Aujourd’hui, des projets de loi concernant les contenus préjudiciables en ligne[2] et des restrictions imposées aux manifestations[3] ont été promulgués au nom de la lutte contre le suprémacisme blanc. Pourtant, comme le démontre[4] l’histoire canadienne passée et récente en matière de régulation de la liberté d’expression, ces pouvoirs sont susceptibles d’être utilisés avant tout contre l’activisme autochtone, palestinien, noir et musulman. De même, les politicien⋅nes canadien⋅nes, toutes tendances confondues, ont[5] adopté[6] le recours à la lutte contre le terrorisme pour combattre « l’extrémisme de droite », renforçant ainsi les dispositifs juridiques utilisés principalement[7] contre les musulman⋅es sous prétexte de les protéger. Ainsi, en février 2021, lorsque les Proud Boys ont été inscrits sur la liste des « entités terroristes », neuf groupes[8] islamistes ont été discrètement ajoutés, contribuant ainsi à exacerber le sentiment anti-musulman sous le couvert de lutter contre le racisme.

L’un des groupes « terroristes » nouvellement ajoutés est au Cachemire et opère dans le contexte d’une occupation militaire massive et abusive de l’État indien[9]. En effet, l’Inde se targue[10] de maintenir le ratio le plus élevé au monde du nombre de soldats par rapport au nombre de citoyen⋅nes.
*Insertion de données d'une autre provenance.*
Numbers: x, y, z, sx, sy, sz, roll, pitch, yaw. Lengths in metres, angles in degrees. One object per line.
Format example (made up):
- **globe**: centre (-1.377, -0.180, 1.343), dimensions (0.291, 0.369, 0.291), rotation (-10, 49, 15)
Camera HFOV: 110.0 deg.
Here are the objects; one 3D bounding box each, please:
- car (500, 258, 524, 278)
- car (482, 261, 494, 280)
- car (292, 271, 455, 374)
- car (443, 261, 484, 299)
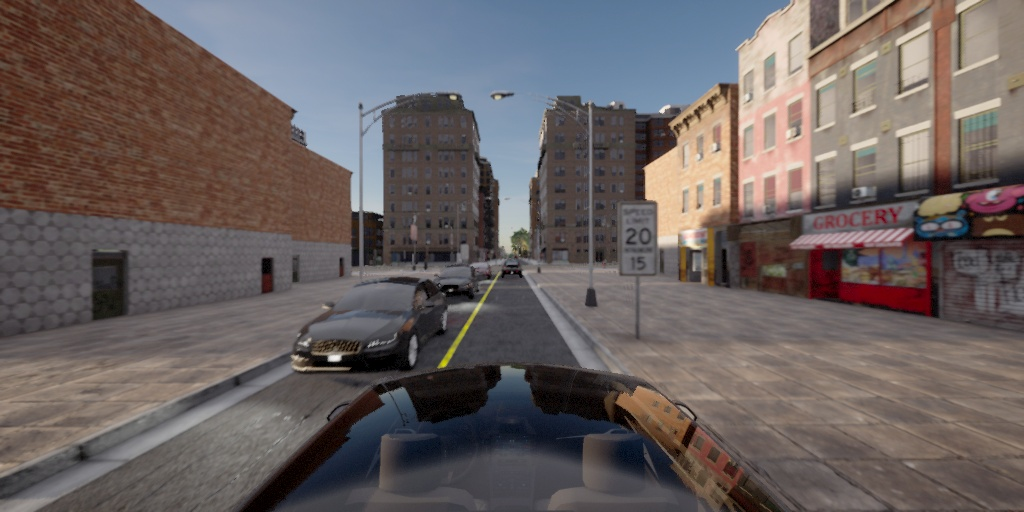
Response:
- **car**: centre (-0.011, 1.159, 33.101), dimensions (1.837, 1.490, 4.892), rotation (0, 0, 0)
- **car**: centre (-2.678, 1.195, 30.693), dimensions (1.812, 1.442, 4.674), rotation (0, 0, 0)
- **car**: centre (-2.604, 1.246, 7.710), dimensions (1.837, 1.490, 4.892), rotation (0, 0, 0)
- **car**: centre (-2.644, 1.214, 17.837), dimensions (1.837, 1.490, 4.892), rotation (0, 0, 0)

Sur cette liste figure également l’organisation caritative IRFAN, pénalisée[11] pour avoir fait des dons médicaux à Gaza alors que, sous l’occupation israélienne, la terreur de « l’apartheid médical[12] » et la destruction[13] d’installations médicales vitales infligées aux Palestinien⋅nes se poursuivent de manière incontrôlée. Comme le souligne une déclaration commune[14] d’expert⋅es en matière de lutte contre le racisme, d’enjeux juridiques et de droits de la personne, rédigée conjointement avec la Coalition pour la surveillance internationale des libertés civiles (CSILC) : « l’inscription d’organisations telles que les Proud Boys aux côtés de groupes palestiniens et cachemiriens établit un amalgame entre des groupes de résistance issus d’une occupation militaire de longue durée, et des suprémacistes blancs et des néonazis, le tout sous la rubrique d’un concept large et incohérent de ‘terrorisme’. » Ces exemples mettent en évidence le caractère incomplet, mais surtout l’important biais idéologique de la notion de « terrorisme » cantonnée à la violence de ceulles qui se trouvent en marge du pouvoir de l’État, alors qu’elle autorise une violence bien plus importante de l’État lui-même.